Reproduce every record below exactly as written, but leave out any pictures.

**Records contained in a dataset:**
--- START ---
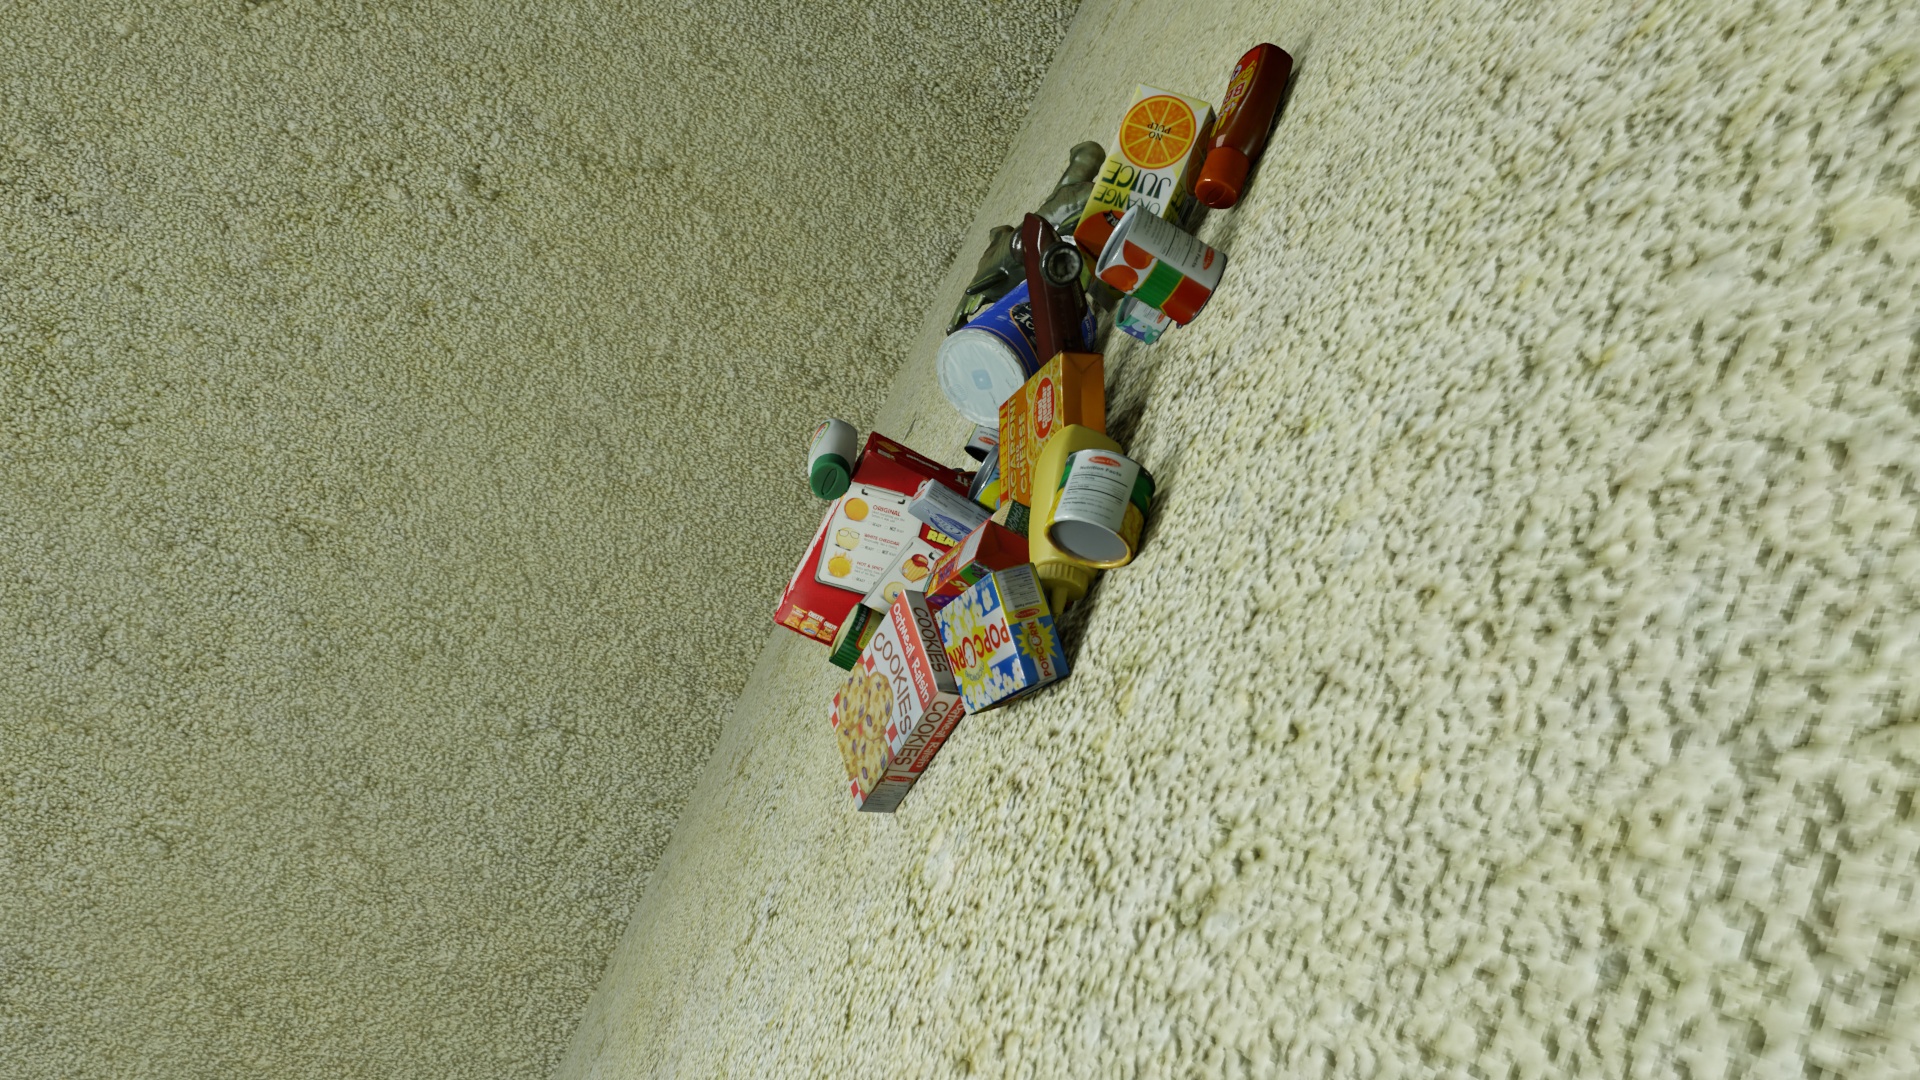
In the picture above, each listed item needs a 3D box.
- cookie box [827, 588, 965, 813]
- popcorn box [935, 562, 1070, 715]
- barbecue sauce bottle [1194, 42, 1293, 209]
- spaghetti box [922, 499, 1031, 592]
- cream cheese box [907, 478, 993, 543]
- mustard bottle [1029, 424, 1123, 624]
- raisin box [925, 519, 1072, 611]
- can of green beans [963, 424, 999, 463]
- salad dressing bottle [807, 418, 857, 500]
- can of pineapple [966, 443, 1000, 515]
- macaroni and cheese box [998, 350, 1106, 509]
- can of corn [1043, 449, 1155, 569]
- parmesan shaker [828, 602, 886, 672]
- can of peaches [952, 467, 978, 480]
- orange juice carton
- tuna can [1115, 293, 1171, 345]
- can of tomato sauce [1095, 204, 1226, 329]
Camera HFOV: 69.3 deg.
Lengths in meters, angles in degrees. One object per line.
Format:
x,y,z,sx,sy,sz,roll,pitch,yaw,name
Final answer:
-0.056,0.144,1.245,0.166,0.040,0.123,-57,37,32,cookie box
0.029,0.075,1.022,0.126,0.038,0.085,-41,65,64,popcorn box
0.236,-0.346,1.170,0.149,0.043,0.064,-68,12,-23,barbecue sauce bottle
0.011,0.020,1.227,0.050,0.029,0.249,-68,10,-18,spaghetti box
0.005,-0.016,1.307,0.024,0.104,0.053,-62,10,-21,cream cheese box
0.082,-0.007,1.029,0.048,0.065,0.161,-37,37,56,mustard bottle
0.032,0.033,1.096,0.040,0.086,0.123,-69,12,-23,raisin box
0.045,-0.107,1.441,0.058,0.071,0.071,-64,10,-9,can of green beans
-0.123,-0.076,1.329,0.064,0.044,0.148,-62,12,14,salad dressing bottle
0.045,-0.049,1.319,0.070,0.058,0.071,-60,10,18,can of pineapple
0.076,-0.075,1.170,0.166,0.040,0.124,146,126,-71,macaroni and cheese box
0.098,-0.020,0.971,0.071,0.071,0.058,-45,21,60,can of corn
-0.068,0.112,1.341,0.071,0.103,0.071,-59,11,19,parmesan shaker
0.006,-0.042,1.464,0.071,0.071,0.058,-64,11,-5,can of peaches
0.162,-0.301,1.247,0.192,0.073,0.072,-67,-21,0,orange juice carton
0.164,-0.206,1.201,0.071,0.033,0.071,-59,11,20,tuna can
0.159,-0.220,1.117,0.071,0.083,0.071,-59,11,19,can of tomato sauce
--- END ---
**COMPLETED EXERCISE:**
In the picture above, each listed item needs a 3D box.
- cookie box [827, 588, 965, 813]
- popcorn box [935, 562, 1070, 715]
- barbecue sauce bottle [1194, 42, 1293, 209]
- spaghetti box [922, 499, 1031, 592]
- cream cheese box [907, 478, 993, 543]
- mustard bottle [1029, 424, 1123, 624]
- raisin box [925, 519, 1072, 611]
- can of green beans [963, 424, 999, 463]
- salad dressing bottle [807, 418, 857, 500]
- can of pineapple [966, 443, 1000, 515]
- macaroni and cheese box [998, 350, 1106, 509]
- can of corn [1043, 449, 1155, 569]
- parmesan shaker [828, 602, 886, 672]
- can of peaches [952, 467, 978, 480]
- orange juice carton
- tuna can [1115, 293, 1171, 345]
- can of tomato sauce [1095, 204, 1226, 329]
Camera HFOV: 69.3 deg.
Lengths in meters, angles in degrees. One object per line.
Format:
x,y,z,sx,sy,sz,roll,pitch,yaw,name
Final answer:
-0.056,0.144,1.245,0.166,0.040,0.123,-57,37,32,cookie box
0.029,0.075,1.022,0.126,0.038,0.085,-41,65,64,popcorn box
0.236,-0.346,1.170,0.149,0.043,0.064,-68,12,-23,barbecue sauce bottle
0.011,0.020,1.227,0.050,0.029,0.249,-68,10,-18,spaghetti box
0.005,-0.016,1.307,0.024,0.104,0.053,-62,10,-21,cream cheese box
0.082,-0.007,1.029,0.048,0.065,0.161,-37,37,56,mustard bottle
0.032,0.033,1.096,0.040,0.086,0.123,-69,12,-23,raisin box
0.045,-0.107,1.441,0.058,0.071,0.071,-64,10,-9,can of green beans
-0.123,-0.076,1.329,0.064,0.044,0.148,-62,12,14,salad dressing bottle
0.045,-0.049,1.319,0.070,0.058,0.071,-60,10,18,can of pineapple
0.076,-0.075,1.170,0.166,0.040,0.124,146,126,-71,macaroni and cheese box
0.098,-0.020,0.971,0.071,0.071,0.058,-45,21,60,can of corn
-0.068,0.112,1.341,0.071,0.103,0.071,-59,11,19,parmesan shaker
0.006,-0.042,1.464,0.071,0.071,0.058,-64,11,-5,can of peaches
0.162,-0.301,1.247,0.192,0.073,0.072,-67,-21,0,orange juice carton
0.164,-0.206,1.201,0.071,0.033,0.071,-59,11,20,tuna can
0.159,-0.220,1.117,0.071,0.083,0.071,-59,11,19,can of tomato sauce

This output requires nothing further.